We created a sample of 1% from each data source and merged them into a combined corpus.
set.seed(2025)
sample_data <- function(data, prob = 0.01) {
data[rbinom(length(data), 1, prob) == 1]
}
blogs_sample <- sample_data(blogs)
news_sample <- sample_data(news)
twitter_sample <- sample_data(twitter)
text_sample <- c(blogs_sample, news_sample, twitter_sample)
library(dplyr)
library(tidytext)
library(ggplot2)
library(tibble)
sample_tbl <- tibble(line = 1:length(text_sample), text = text_sample)
unigram <- sample_tbl %>%
unnest_tokens(word, text) %>%
count(word, sort = TRUE)
unigram %>%
slice_max(order_by = n, n = 20) %>%
ggplot(aes(x = reorder(word, n), y = n)) +
geom_col(fill = "steelblue") +
coord_flip() +
labs(title = "Top 20 Most Frequent Words", x = "Words", y = "Frequency")
bigram <- sample_tbl %>%
unnest_tokens(bigram, text, token = "ngrams", n = 2) %>%
count(bigram, sort = TRUE)
bigram %>%
slice_max(order_by = n, n = 20) %>%
ggplot(aes(x = reorder(bigram, n), y = n)) +
geom_col(fill = "darkgreen") +
coord_flip() +
labs(title = "Top 20 Most Frequent Bigrams", x = "Bigrams", y = "Frequency")
trigram <- sample_tbl %>%
unnest_tokens(trigram, text, token = "ngrams", n = 3) %>%
count(trigram, sort = TRUE)
trigram %>%
slice_max(order_by = n, n = 20) %>%
ggplot(aes(x = reorder(trigram, n), y = n)) +
geom_col(fill = "tomato") +
coord_flip() +
labs(title = "Top 20 Most Frequent Trigrams", x = "Trigrams", y = "Frequency")

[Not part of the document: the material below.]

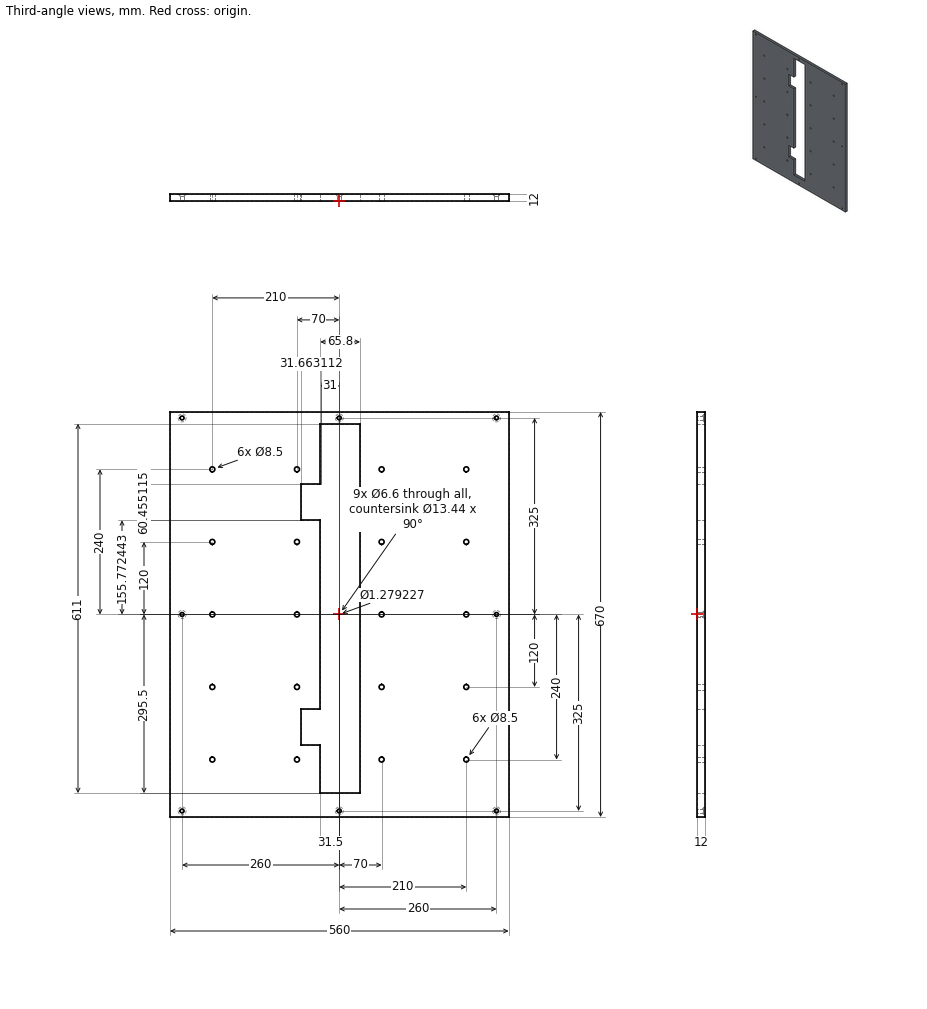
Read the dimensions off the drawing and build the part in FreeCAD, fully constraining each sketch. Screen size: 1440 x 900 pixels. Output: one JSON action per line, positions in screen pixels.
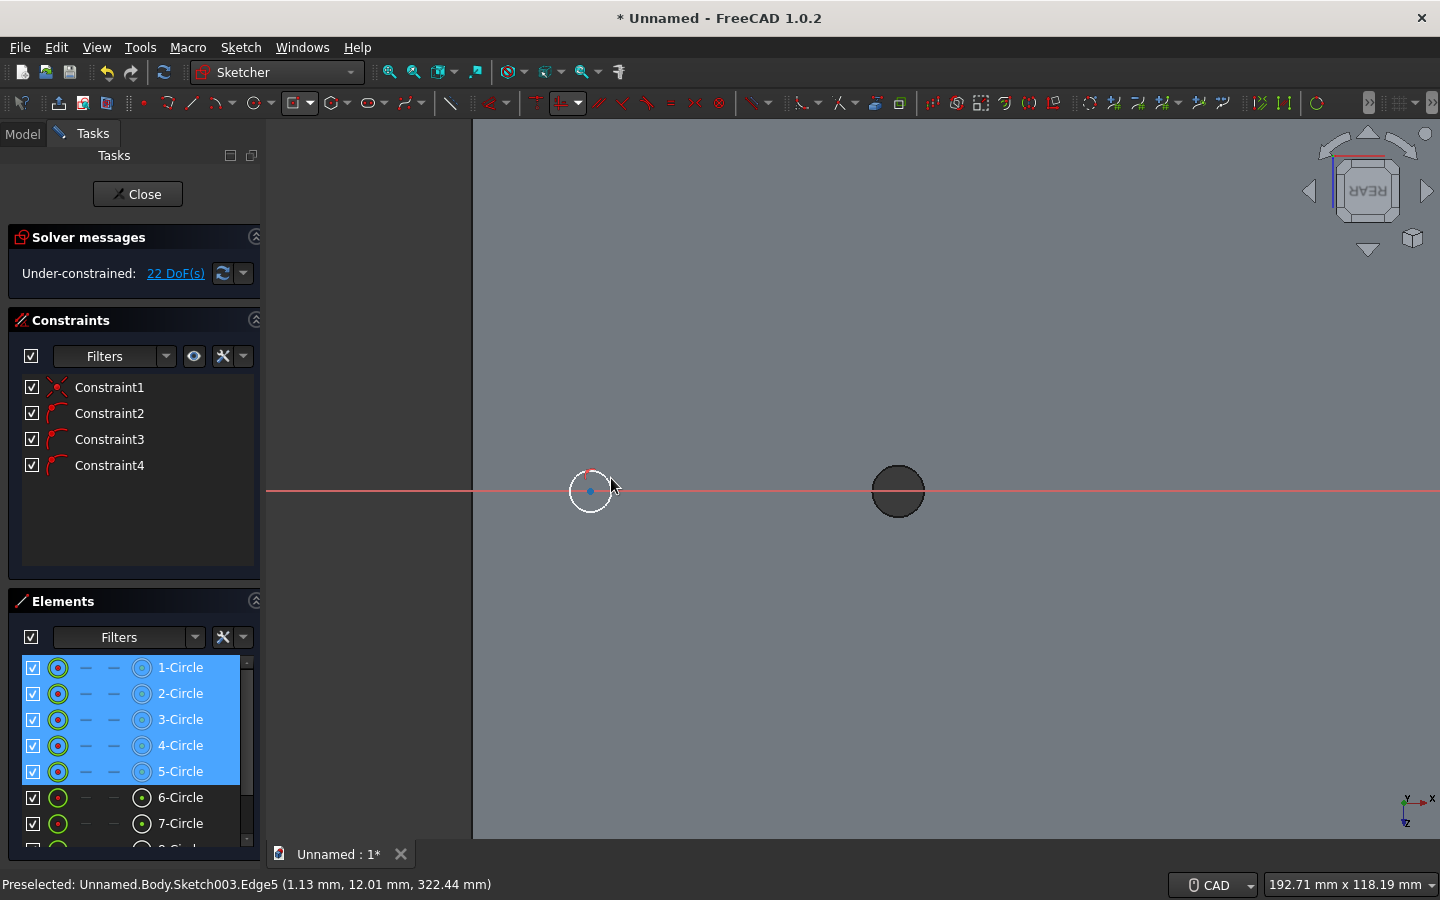
{"action": "left_click", "coordinate": [605, 477]}

The goal of this project is to develop a next-word prediction model, similar to those used in smart keyboards. Based on our exploratory analysis, we will create a model using n-gram frequency tables (1-gram, 2-gram, 3-gram). The key steps will include:
The final model will be deployed as a Shiny web app
using shinyapps.io. Users will input one or more words, and
the app will return a list of likely next words based on the training
data.
This milestone shows that the dataset has been successfully loaded, a representative sample has been created, and initial exploration of word frequency has been performed. We are now on track to begin building our prediction model and deploying it via Shiny.